The envd version output

rika@gult:~$ envd version --detail envd: v0.3.36 BuildDate: 2023-07-18T15:36:15Z GitCommit: 854798c5b368505ea81eb040a5584f39eaee1d68 GitTreeState: clean GitTag: v0.3.36 GoVersion: go1.19.10 Compiler: gc Platform: linux/amd64 OSType: linux OSVersion: 22.04 KernelVersion: 5.19.0-50-generic DockerHostVersion: 24.0.2 ContainerRuntimes: [io.containerd.runc.v2,runc] DefaultRuntime: runc

Additional context

No response

gaocegege commented 1 year ago

/assign @kemingy

kemingy commented 1 year ago

Is it related to the sjut mirror?

hakurena commented 1 year ago

Is it related to the sjut mirror?

Nope, i ran envd bootstrap without any subfix at the first attemp and got the same error.

kemingy commented 1 year ago

I'm not able to reproduce the error. Can you check the log in the bulidkitd container?

HTTP Proxy: http.docker.internal:3128 HTTPS Proxy: http.docker.internal:3128

Not sure if it's related to the HTTP proxy config.

hakurena commented 1 year ago

I'm not able to reproduce the error. Can you check the log in the bulidkitd container?

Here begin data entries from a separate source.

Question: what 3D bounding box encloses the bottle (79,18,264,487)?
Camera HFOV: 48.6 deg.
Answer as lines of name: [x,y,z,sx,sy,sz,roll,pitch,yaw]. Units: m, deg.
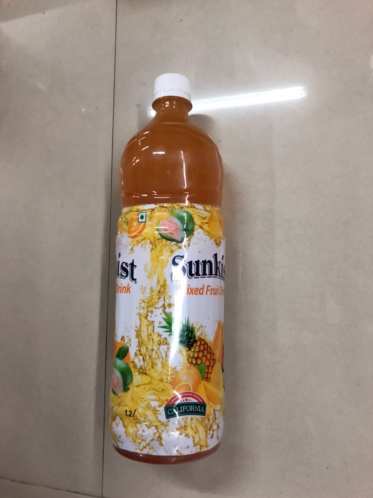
bottle: [-0.003,-0.003,0.307,0.100,0.080,0.290,1,84,18]
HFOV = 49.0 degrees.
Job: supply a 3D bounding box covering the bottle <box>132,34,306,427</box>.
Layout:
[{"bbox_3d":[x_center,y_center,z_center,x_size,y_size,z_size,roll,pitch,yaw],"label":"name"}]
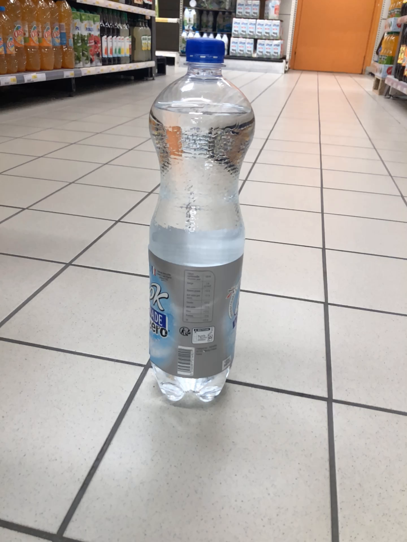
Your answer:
[{"bbox_3d":[-0.002,-0.028,0.408,0.100,0.328,0.100,3,26,-1],"label":"bottle"}]
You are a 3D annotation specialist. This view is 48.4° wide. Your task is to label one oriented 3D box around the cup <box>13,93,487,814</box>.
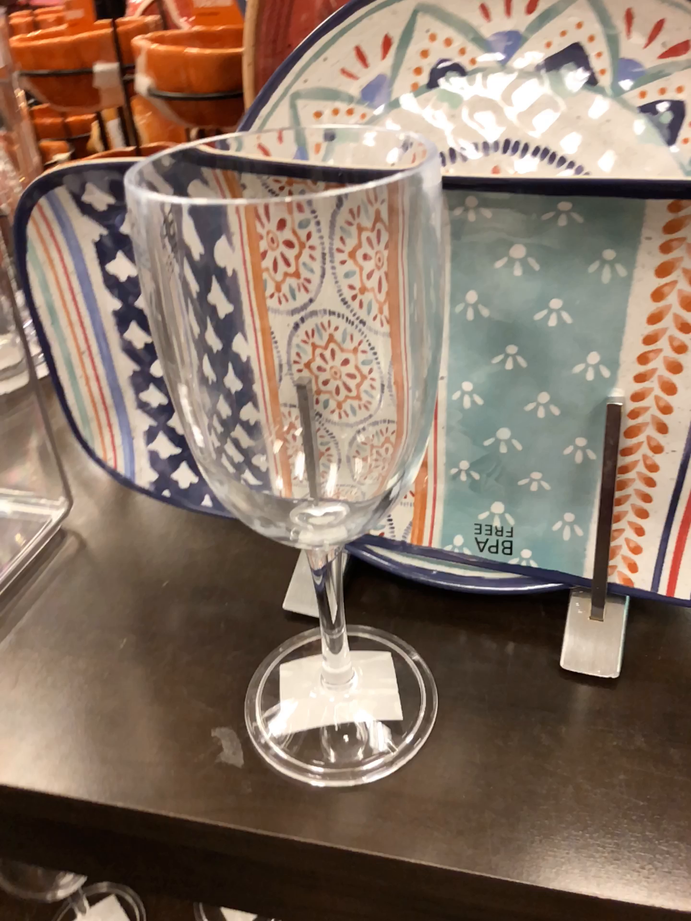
[{"bbox_3d":[-0.009,0.004,0.238,0.090,0.200,0.085,-3,33,2],"label":"cup"}]

HTTP Proxy: http.docker.internal:3128 HTTPS Proxy: http.docker.internal:3128

Not sure if it's related to the HTTP proxy config.

No container can be found in my docker desktop. I'm afraid envd failed creating the envd_buildkitd container. Following is the output of docker ps, according to which the only container I have on this PC is the one created by envd 7 monthes ago when I first try to install it...btw, what can i do to check if it's related to the HTTP proxy config?

CONTAINER ID IMAGE COMMAND CREATED STATUS PORTS NAMES a116f6b27925 envd-quick-start:dev "horust" 7 months ago Up 22 hours 127.0.0.1:36629->2222/tcp, 127.0.0.1:41859->8888/tcp envd-quick-start

kemingy commented 1 year ago

The current buildkitd container is started with something like:

docker run --rm --name envd_buildkitd --privileged -v $HOME/.config/envd:/etc/registry docker.io/moby/buildkit:v0.10.6 --config /etc/registry/buildkitd.toml

The $HOME/.config/envd/buildkitd.toml is generated when you run envd bootstrap.

Can you try to run this command directly?

hakurena commented 1 year ago

rika@gult:~$ sudo docker run --rm --name envd_buildkitd --privileged -v $HOME/.config/envd:/etc/registry docker.io/moby/buildkit:v0.10.6 --config /etc/registry/buildkitd.toml

docker: Error response from daemon: Conflict. The container name "/envd_buildkitd" is already in use by container "3323cd6af59ac1e9a1df40d98e9ac0304b4ea67108fe115aee337077ef81812f". You have to remove (or rename) that container to be able to reuse that name.

kemingy commented 1 year ago

rika@gult:~$ sudo docker run --rm --name envd_buildkitd --privileged -v $HOME/.config/envd:/etc/registry docker.io/moby/buildkit:v0.10.6 --config /etc/registry/buildkitd.toml

docker: Error response from daemon: Conflict. The container name "/envd_buildkitd" is already in use by container "3323cd6af59ac1e9a1df40d98e9ac0304b4ea67108fe115aee337077ef81812f". You have to remove (or rename) that container to be able to reuse that name.

Run docker rm envd_buildkitd to remove that old one. Use docker ps -a to check if there are some legacy buildkitd containers.